### Try it
Pictures are to be left out, and only the lines below starting at the one with "What was the total" and ending at the one with "Answer: 370 Which" are to be reproduced, each exactly, both ends included.

====== Input records ======

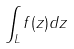Convert formula to latex. <formula><loc_0><loc_0><loc_500><loc_500>\int _ { L } f ( z ) d z</formula> 
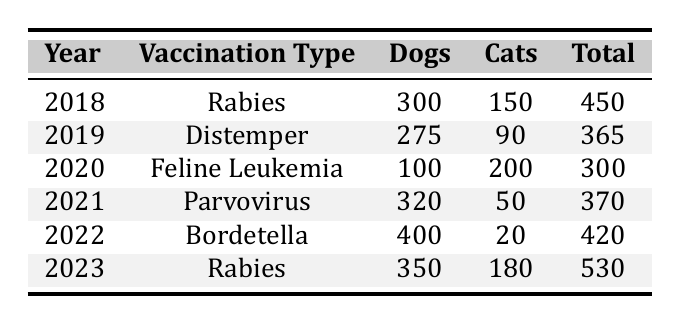What was the total number of dogs vaccinated in 2022? In the table, we can find the row for the year 2022, which shows that 400 dogs were vaccinated.
Answer: 400 How many total vaccinations were recorded in the year 2021? The table shows that the total vaccinations in the year 2021 is listed as 370.
Answer: 370 Which year had the highest number of cat vaccinations? Looking at the table, we see that 200 cats were vaccinated in 2020, which is the highest number compared to other years.
Answer: 2020 What was the difference in the total number of vaccinations between 2019 and 2023? Total vaccinations in 2019 were 365 and in 2023 were 530. The difference is 530 - 365 = 165.
Answer: 165 Did more dogs get vaccinated in 2021 than in 2022? In 2021, 320 dogs were vaccinated, while in 2022, 400 were vaccinated. Since 320 is less than 400, the answer is no.
Answer: No What is the average number of dogs vaccinated over the years 2018 to 2022? The number of dogs vaccinated for the years 2018 to 2022 are: 300, 275, 100, 320, and 400. Adding these gives 1395, and the average over 5 years is 1395 / 5 = 279.
Answer: 279 In which year did the least number of total vaccinations occur? Looking through the total vaccinations for each year, the lowest total is 300 in the year 2020.
Answer: 2020 How many total vaccinations were there from 2018 to 2021 combined? The total vaccinations for those years are 450 (2018) + 365 (2019) + 300 (2020) + 370 (2021) = 1485.
Answer: 1485 Was the total number of vaccinations in 2023 greater than the total of 2021? The total for 2023 is 530, while for 2021 it is 370. Since 530 is greater than 370, the answer is yes.
Answer: Yes What percentage of total vaccinations in 2023 were dogs? In 2023, there were 350 dogs vaccinated out of a total of 530 vaccinations. The percentage is (350 / 530) * 100 ≈ 66.04%.
Answer: 66.04% 
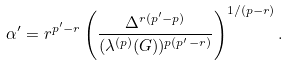<formula> <loc_0><loc_0><loc_500><loc_500>\alpha ^ { \prime } = r ^ { p ^ { \prime } - r } \left ( \frac { \Delta ^ { r ( p ^ { \prime } - p ) } } { ( \lambda ^ { ( p ) } ( G ) ) ^ { p ( p ^ { \prime } - r ) } } \right ) ^ { 1 / ( p - r ) } .</formula> 
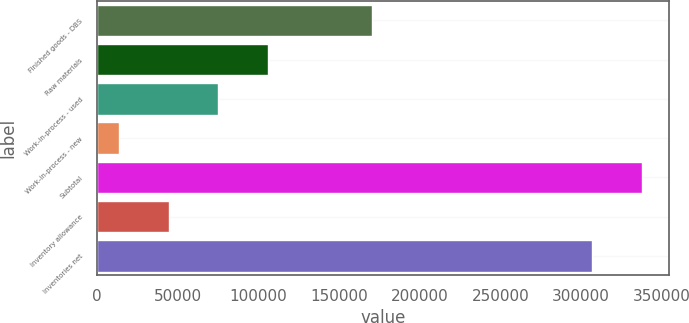Convert chart to OTSL. <chart><loc_0><loc_0><loc_500><loc_500><bar_chart><fcel>Finished goods - DBS<fcel>Raw materials<fcel>Work-in-process - used<fcel>Work-in-process - new<fcel>Subtotal<fcel>Inventory allowance<fcel>Inventories net<nl><fcel>170463<fcel>105978<fcel>75167.6<fcel>13546<fcel>337726<fcel>44356.8<fcel>306915<nl></chart>

======

### Your solution
What was the total number of dogs vaccinated in 2022? In the table, we can find the row for the year 2022, which shows that 400 dogs were vaccinated.
Answer: 400 How many total vaccinations were recorded in the year 2021? The table shows that the total vaccinations in the year 2021 is listed as 370.
Answer: 370 Which year had the highest number of cat vaccinations? Looking at the table, we see that 200 cats were vaccinated in 2020, which is the highest number compared to other years.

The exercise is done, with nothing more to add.